Creating LabeledPoint

Firstly, take a glance to the sample data.

7.4;0.7;0;1.9;0.076;11;34;0.9978;3.51;0.56;9.4;5
7.8;0.88;0;2.6;0.098;25;67;0.9968;3.2;0.68;9.8;5
7.8;0.76;0.04;2.3;0.092;15;54;0.997;3.26;0.65;9.8;5
11.2;0.28;0.56;1.9;0.075;17;60;0.998;3.16;0.58;9.8;6
7.4;0.7;0;1.9;0.076;11;34;0.9978;3.51;0.56;9.4;5
7.4;0.66;0;1.8;0.075;13;40;0.9978;3.51;0.56;9.4;5
7.9;0.6;0.06;1.6;0.069;15;59;0.9964;3.3;0.46;9.4;5

Each of our training samples has the following format: the last field is the quality of the wine, a rating from 1 to 10, and the first 11 fields are the properties of the wine. So, from our perspective, the quality of the wine is the y variable (the output) and the rest of them are x variables (input).

Loading Data into Spark RDD

Import

import org.apache.spark.SparkConf
import org.apache.spark.SparkContext
import org.apache.spark.sql.SQLContext

Code

val conf = new SparkConf().setAppName("linearRegressionWine").setMaster("local[2]")
val sc = new SparkContext(conf)
val rdd = sc.textFile("winequality-red.csv").map(line => line.split(";"))

Converting each instance into LabeledPoint

A LabeledPoint is a simple wrapper around the input features (our x variables) and our pre-predicted value (y variable) for these x input values:

Import

import org.apache.spark.mllib.regression.LabeledPoint
import org.apache.spark.mllib.linalg.Vectors

Code

val dataPoints = rdd.map(row => 
    new LabeledPoint(
          row.last.toDouble, 
          Vectors.dense(row.take(row.length - 1).map(str => str.toDouble))
    )
  ).cache()

Where

  1. LabeledPoint is a case class, and the constructors is

     new LabeledPoint(label: Double, features: Array[Double])
    
    labelLabel for this data point.
    featuresList of features for this data point.
  2. Vector is a set of numbers, and the number of coordinates determine the dimension of space.
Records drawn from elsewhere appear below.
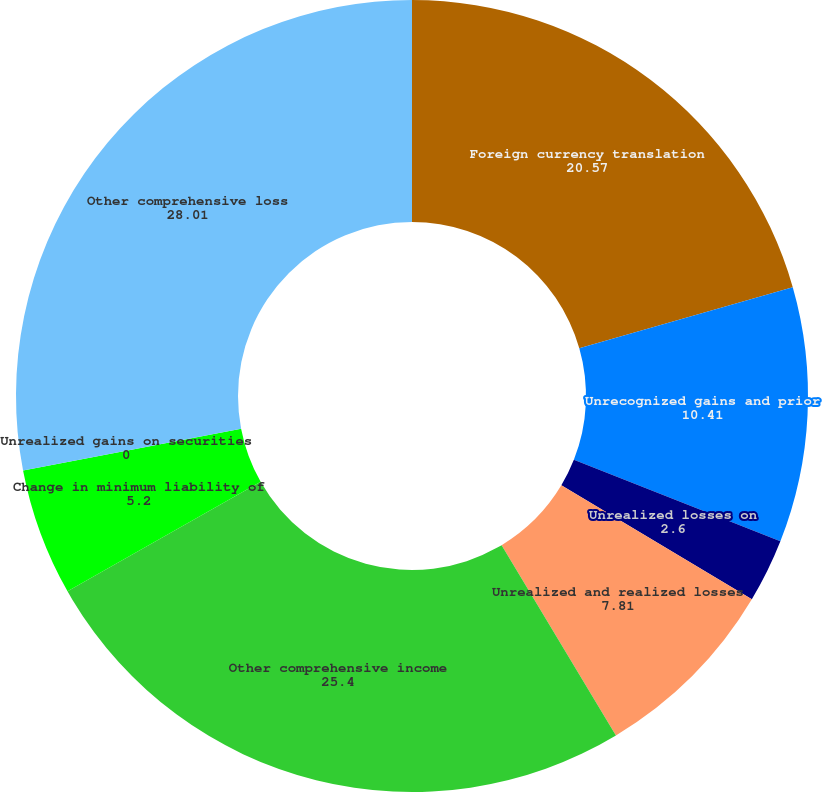Convert chart to OTSL. <chart><loc_0><loc_0><loc_500><loc_500><pie_chart><fcel>Foreign currency translation<fcel>Unrecognized gains and prior<fcel>Unrealized losses on<fcel>Unrealized and realized losses<fcel>Other comprehensive income<fcel>Change in minimum liability of<fcel>Unrealized gains on securities<fcel>Other comprehensive loss<nl><fcel>20.57%<fcel>10.41%<fcel>2.6%<fcel>7.81%<fcel>25.4%<fcel>5.2%<fcel>0.0%<fcel>28.01%<nl></chart> 
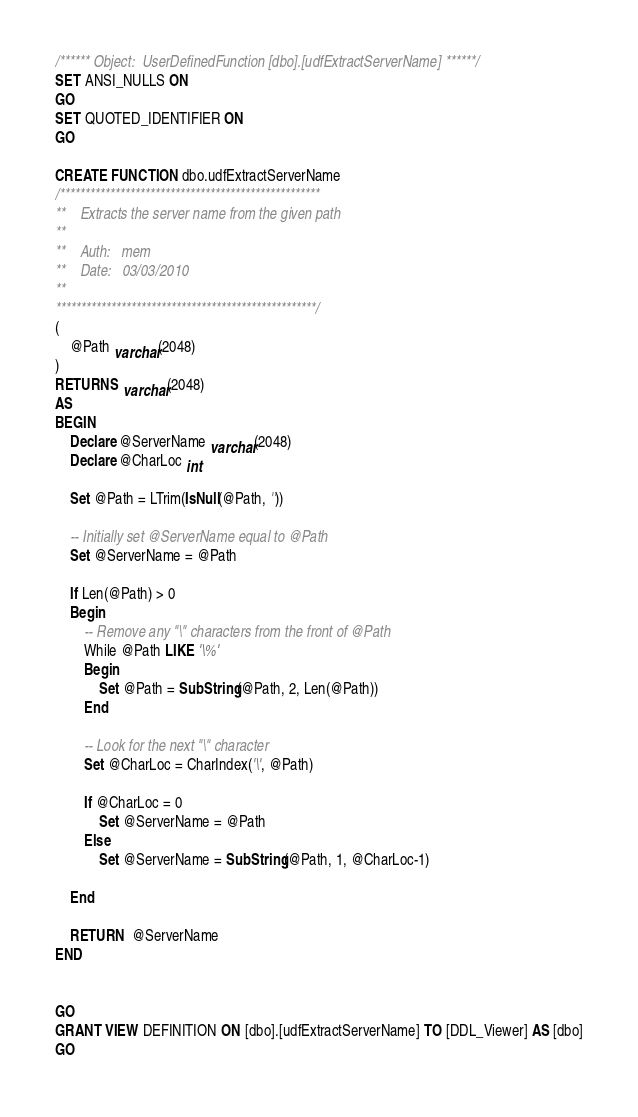<code> <loc_0><loc_0><loc_500><loc_500><_SQL_>/****** Object:  UserDefinedFunction [dbo].[udfExtractServerName] ******/
SET ANSI_NULLS ON
GO
SET QUOTED_IDENTIFIER ON
GO

CREATE FUNCTION dbo.udfExtractServerName
/****************************************************	
**	Extracts the server name from the given path
**
**	Auth:	mem
**	Date:	03/03/2010
**  
****************************************************/
(
	@Path varchar(2048)
)
RETURNS varchar(2048)
AS
BEGIN
	Declare @ServerName varchar(2048)
	Declare @CharLoc int
	
	Set @Path = LTrim(IsNull(@Path, ''))

	-- Initially set @ServerName equal to @Path	
	Set @ServerName = @Path
	
	If Len(@Path) > 0
	Begin
		-- Remove any "\" characters from the front of @Path
		While @Path LIKE '\%'
		Begin
			Set @Path = SubString(@Path, 2, Len(@Path))
		End

		-- Look for the next "\" character
		Set @CharLoc = CharIndex('\', @Path)
		
		If @CharLoc = 0
			Set @ServerName = @Path
		Else
			Set @ServerName = SubString(@Path, 1, @CharLoc-1)

	End
	
	RETURN  @ServerName
END


GO
GRANT VIEW DEFINITION ON [dbo].[udfExtractServerName] TO [DDL_Viewer] AS [dbo]
GO
</code> 
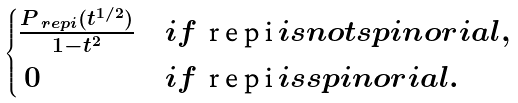<formula> <loc_0><loc_0><loc_500><loc_500>\begin{cases} \frac { P _ { \ r e p i } ( t ^ { 1 / 2 } ) } { 1 - t ^ { 2 } } & i f $ \ r e p i $ i s n o t s p i n o r i a l , \\ \ 0 & i f $ \ r e p i $ i s s p i n o r i a l . \end{cases}</formula> 
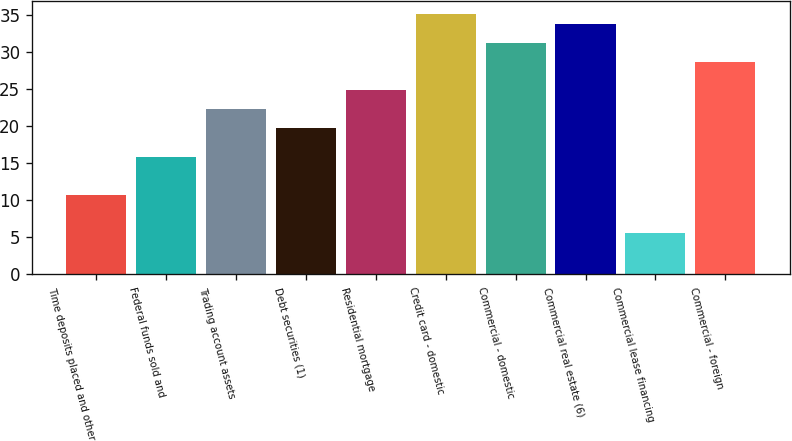Convert chart. <chart><loc_0><loc_0><loc_500><loc_500><bar_chart><fcel>Time deposits placed and other<fcel>Federal funds sold and<fcel>Trading account assets<fcel>Debt securities (1)<fcel>Residential mortgage<fcel>Credit card - domestic<fcel>Commercial - domestic<fcel>Commercial real estate (6)<fcel>Commercial lease financing<fcel>Commercial - foreign<nl><fcel>10.75<fcel>15.87<fcel>22.27<fcel>19.71<fcel>24.83<fcel>35.07<fcel>31.23<fcel>33.79<fcel>5.63<fcel>28.67<nl></chart> 
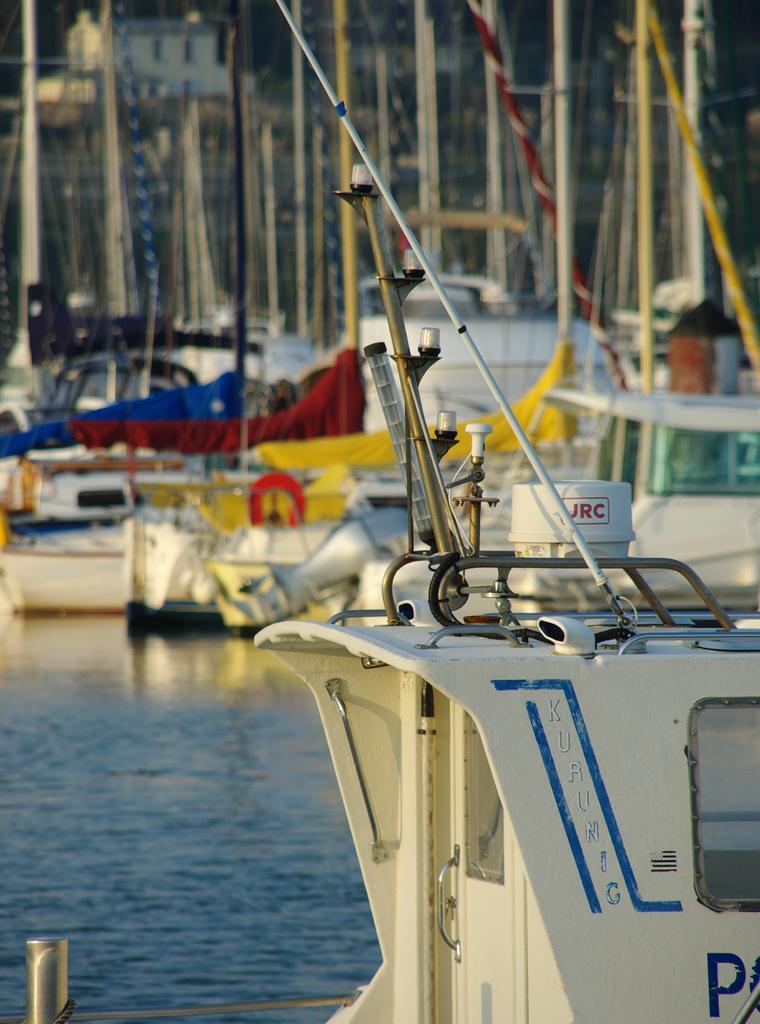In one or two sentences, can you explain what this image depicts? This image is taken outdoors. On the left side of the image there is a river with water. On the right side of the image there are many boats on the river and there are many poles and iron bars.

    There are two types of Vector, one is dense and sparse. A dense vector is backed by an array of its values, while a sparse vector is backed by two parallel arrays, one for indices and another for values.

    Example:

    1. Dense vector
      val dvPerson = Vectors.dense(160.0,69.0,24.0)
      
    2. Sparse vector: (1.0, 0.0, 0.0, 3.0, 0.0)
      val sparVector = Vector.sparse(5, [0,3],(1.0, 3.0))
      
      The last array, must be specified double as data type or use at least one decimal.
    3. Caching: Cache the RDD into memory.